Problem> From the line containing "cardboard box <box>1329,0,1341,16</box>" down to the line containing "pallet <box>421,271,558,426</box>" in the records below, reproduce every line exactly, ends included, and omit all others.

Data records>

########

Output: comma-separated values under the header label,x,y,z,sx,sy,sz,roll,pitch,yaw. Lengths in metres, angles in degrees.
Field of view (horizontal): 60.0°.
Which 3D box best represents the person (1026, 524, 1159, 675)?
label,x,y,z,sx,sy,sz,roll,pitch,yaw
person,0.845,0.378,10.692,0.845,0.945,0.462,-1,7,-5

########

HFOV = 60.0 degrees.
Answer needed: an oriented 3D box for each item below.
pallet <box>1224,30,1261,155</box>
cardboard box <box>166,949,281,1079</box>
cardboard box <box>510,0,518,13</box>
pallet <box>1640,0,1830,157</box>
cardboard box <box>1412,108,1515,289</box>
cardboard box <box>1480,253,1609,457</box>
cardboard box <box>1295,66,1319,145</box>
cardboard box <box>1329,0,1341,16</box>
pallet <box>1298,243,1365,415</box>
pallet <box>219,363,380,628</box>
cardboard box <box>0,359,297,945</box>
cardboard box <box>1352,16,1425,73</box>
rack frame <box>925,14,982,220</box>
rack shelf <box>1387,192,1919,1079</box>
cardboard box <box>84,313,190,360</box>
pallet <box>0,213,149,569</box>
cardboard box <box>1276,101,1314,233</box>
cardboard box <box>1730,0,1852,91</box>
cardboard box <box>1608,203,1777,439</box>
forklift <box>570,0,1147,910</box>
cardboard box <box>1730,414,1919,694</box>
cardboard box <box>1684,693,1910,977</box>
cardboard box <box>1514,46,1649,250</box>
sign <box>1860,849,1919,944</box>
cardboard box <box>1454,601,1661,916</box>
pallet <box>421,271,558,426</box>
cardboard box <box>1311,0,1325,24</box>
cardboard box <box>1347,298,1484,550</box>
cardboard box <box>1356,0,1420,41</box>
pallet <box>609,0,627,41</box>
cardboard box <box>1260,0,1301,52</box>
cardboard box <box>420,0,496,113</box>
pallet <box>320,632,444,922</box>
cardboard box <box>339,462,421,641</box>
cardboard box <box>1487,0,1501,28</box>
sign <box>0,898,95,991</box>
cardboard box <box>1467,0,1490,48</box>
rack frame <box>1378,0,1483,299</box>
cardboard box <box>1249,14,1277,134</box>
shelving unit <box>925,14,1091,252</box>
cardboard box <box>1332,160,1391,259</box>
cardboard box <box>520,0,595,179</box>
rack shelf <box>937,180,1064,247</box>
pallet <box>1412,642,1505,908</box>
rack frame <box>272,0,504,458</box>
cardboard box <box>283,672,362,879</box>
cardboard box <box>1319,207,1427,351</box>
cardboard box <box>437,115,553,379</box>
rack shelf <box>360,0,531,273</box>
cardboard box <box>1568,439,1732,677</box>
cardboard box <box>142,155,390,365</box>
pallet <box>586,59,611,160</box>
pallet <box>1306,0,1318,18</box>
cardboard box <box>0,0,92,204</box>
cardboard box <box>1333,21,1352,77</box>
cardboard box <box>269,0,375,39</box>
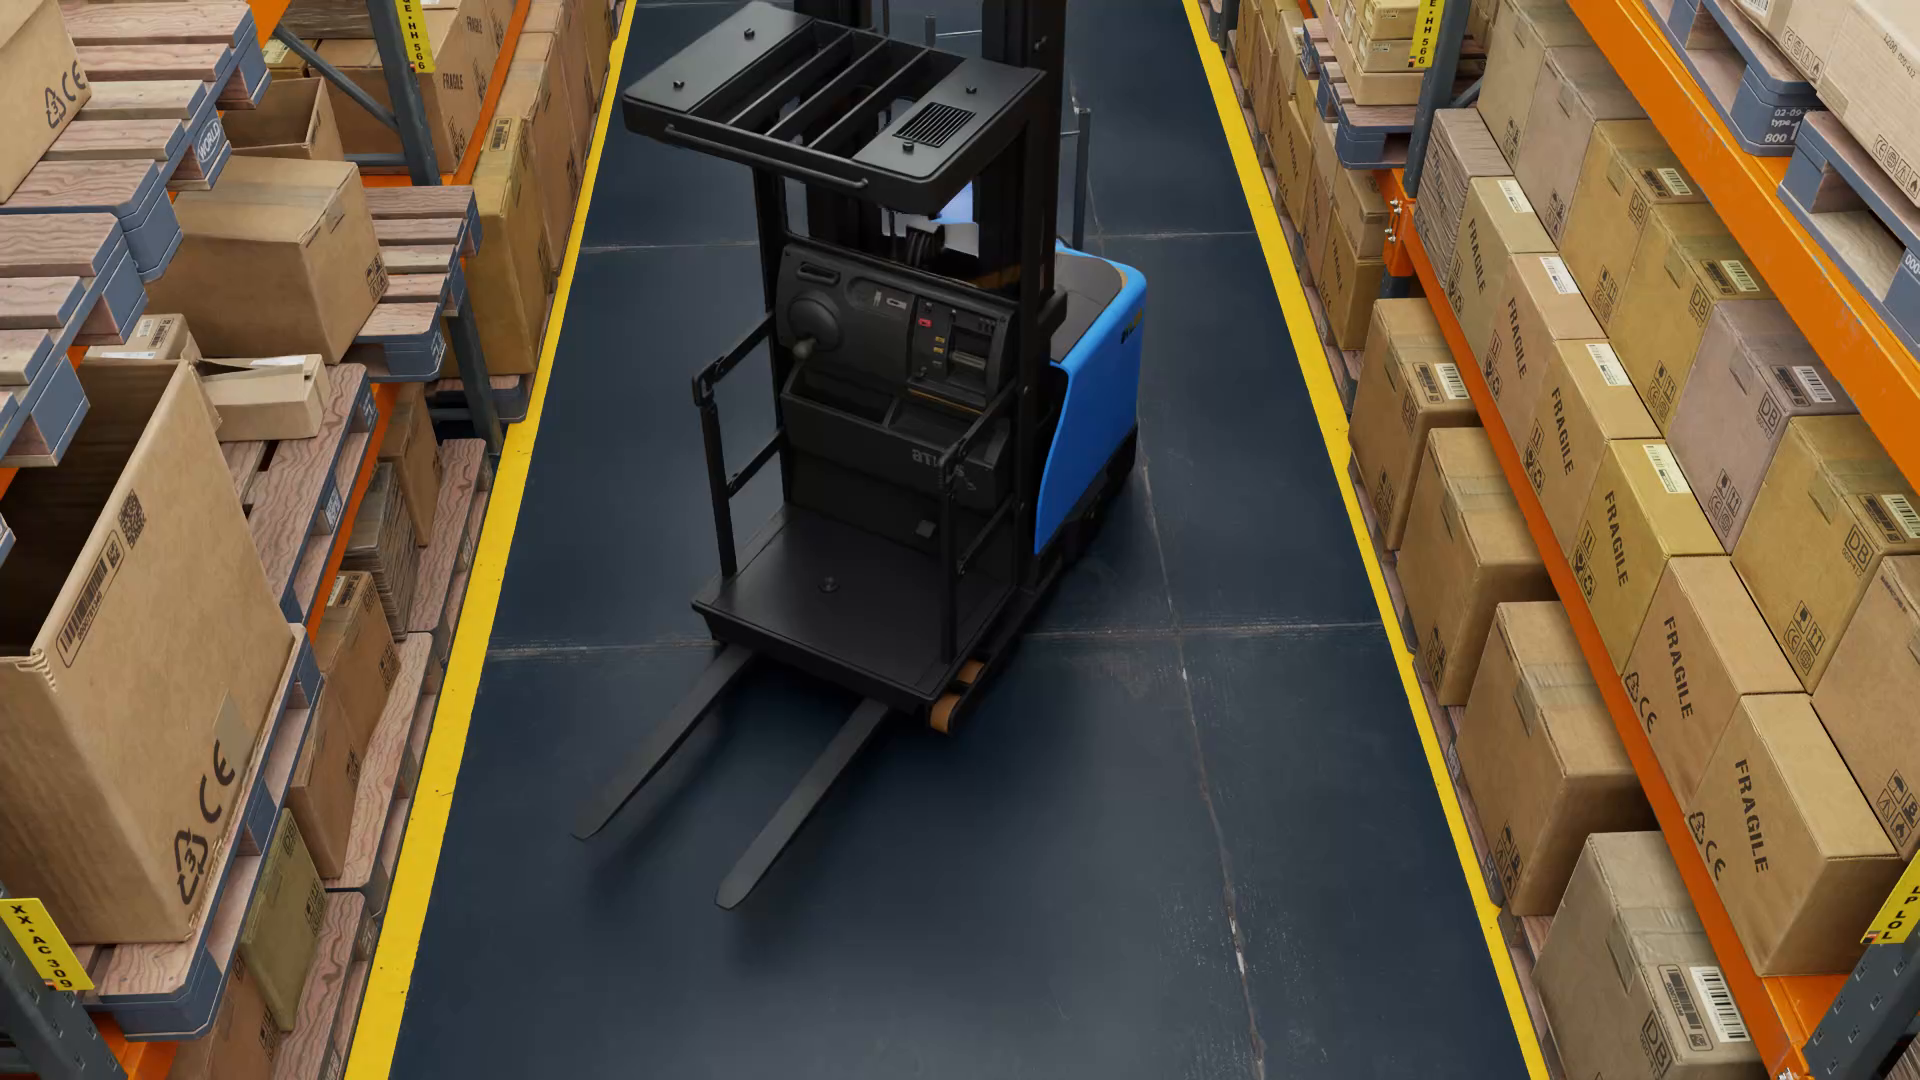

########

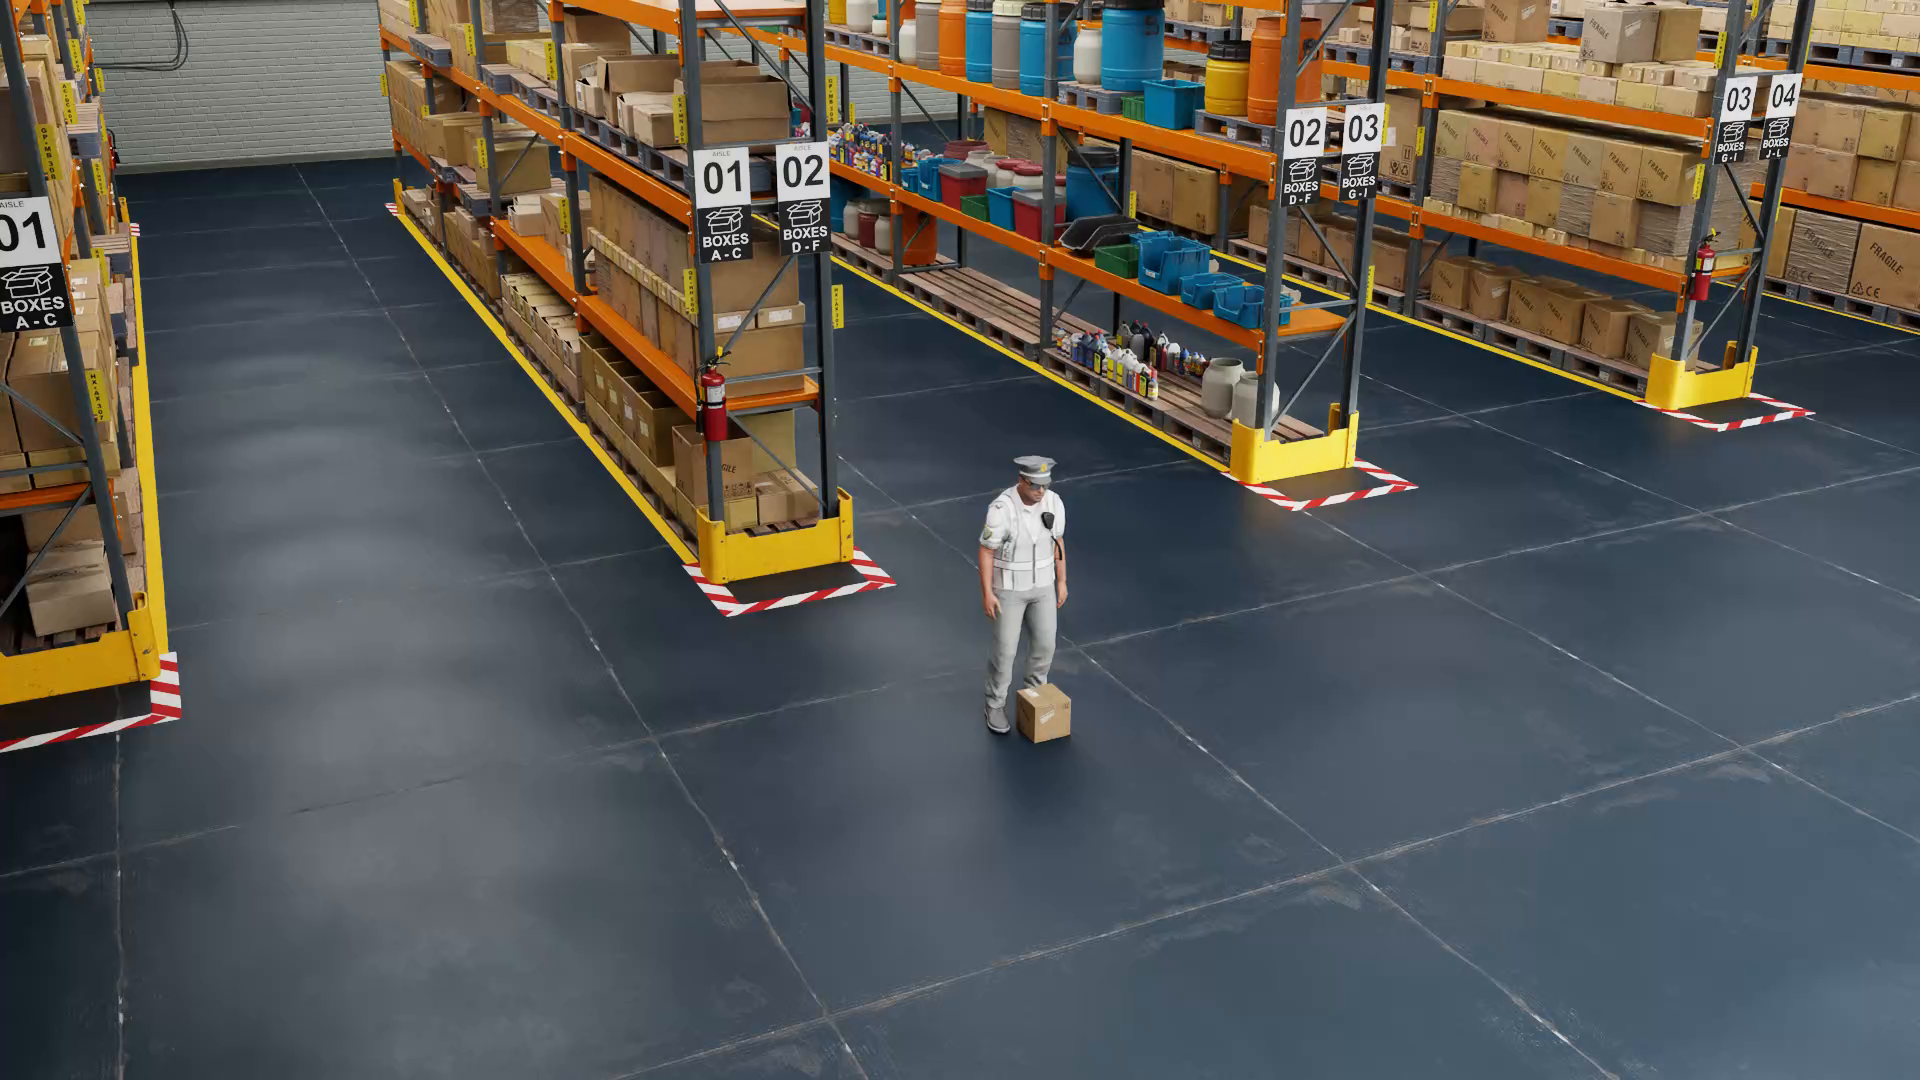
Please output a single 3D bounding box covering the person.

########

Task response>
cardboard box <box>1329,0,1341,16</box>
pallet <box>1298,243,1365,415</box>
pallet <box>219,363,380,628</box>
cardboard box <box>0,359,297,945</box>
cardboard box <box>1352,16,1425,73</box>
rack frame <box>925,14,982,220</box>
rack shelf <box>1387,192,1919,1079</box>
cardboard box <box>84,313,190,360</box>
pallet <box>0,213,149,569</box>
cardboard box <box>1276,101,1314,233</box>
cardboard box <box>1730,0,1852,91</box>
cardboard box <box>1608,203,1777,439</box>
forklift <box>570,0,1147,910</box>
cardboard box <box>1730,414,1919,694</box>
cardboard box <box>1684,693,1910,977</box>
cardboard box <box>1514,46,1649,250</box>
sign <box>1860,849,1919,944</box>
cardboard box <box>1454,601,1661,916</box>
pallet <box>421,271,558,426</box>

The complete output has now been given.